We are aware that the present study has several limitations. First, our study participants were enrolled from a single tertiary referral center (Eye and ENT Hospital of Fudan University), and this was a cross-sectional study. Multicentre and longitudinal follow-up studies may be conducted in the near future. Second, due to the rare nature of EYS-RD, only 55 individuals were available for inclusion, and this small sample size limits the statistical significance of our results. Additionally, age at symptom onset is a subjective measure, and it is difficult to obtain the exact values.

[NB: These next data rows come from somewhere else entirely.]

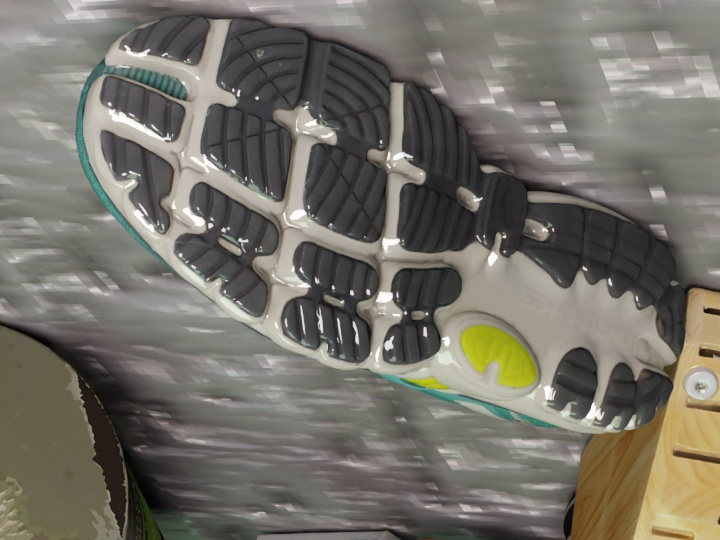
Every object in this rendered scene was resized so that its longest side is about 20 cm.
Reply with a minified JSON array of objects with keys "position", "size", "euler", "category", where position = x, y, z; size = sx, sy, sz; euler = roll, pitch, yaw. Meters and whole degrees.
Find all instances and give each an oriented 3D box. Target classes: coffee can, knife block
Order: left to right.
[{"position":[-0.141,0.124,0.792],"size":[0.146,0.147,0.200],"euler":[6,155,8],"category":"coffee can"},{"position":[0.109,0.077,0.725],"size":[0.064,0.176,0.201],"euler":[10,111,-3],"category":"knife block"}]

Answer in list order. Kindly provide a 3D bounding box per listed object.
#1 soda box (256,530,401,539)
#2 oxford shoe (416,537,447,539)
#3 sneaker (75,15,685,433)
[{"position":[-0.016,0.210,0.868],"size":[0.068,0.201,0.063],"euler":[-6,153,32],"category":"soda box"},{"position":[0.009,0.140,0.815],"size":[0.199,0.071,0.071],"euler":[-1,150,-28],"category":"oxford shoe"},{"position":[0.000,0.000,0.569],"size":[0.200,0.078,0.080],"euler":[29,158,-37],"category":"sneaker"}]

In conclusion, we explored the clinical and genetic characteristics of EYS-RD in a Chinese cohort. Three hot mutations, 36 novel variants, and two unreported mutational features of EYS were identified. Baseline values and correlations of these clinical data (age, age of onset, disease duration time, BCVA, MD, cataract, and pigment change in the retina) were uncovered. To the best of our knowledge, this is the largest clinical and genetic analysis of EYS-RD in the Chinese population. Our data will serve as a well-founded reference for genetic counseling, better management of these patients, and putative therapeutic approaches.

Summary table

What was known before

  • To date, certain efforts have been made to investigate the clinical and genetic characteristics of patients with EYS mutations. However, data for Chinese patients are limited.

What this study adds

  • Our study largely enhances the current knowledge of phenotypic and genotypic characteristics of EYS-RD in a cohort of Chinese patients, which could pave the way for better management of these patients.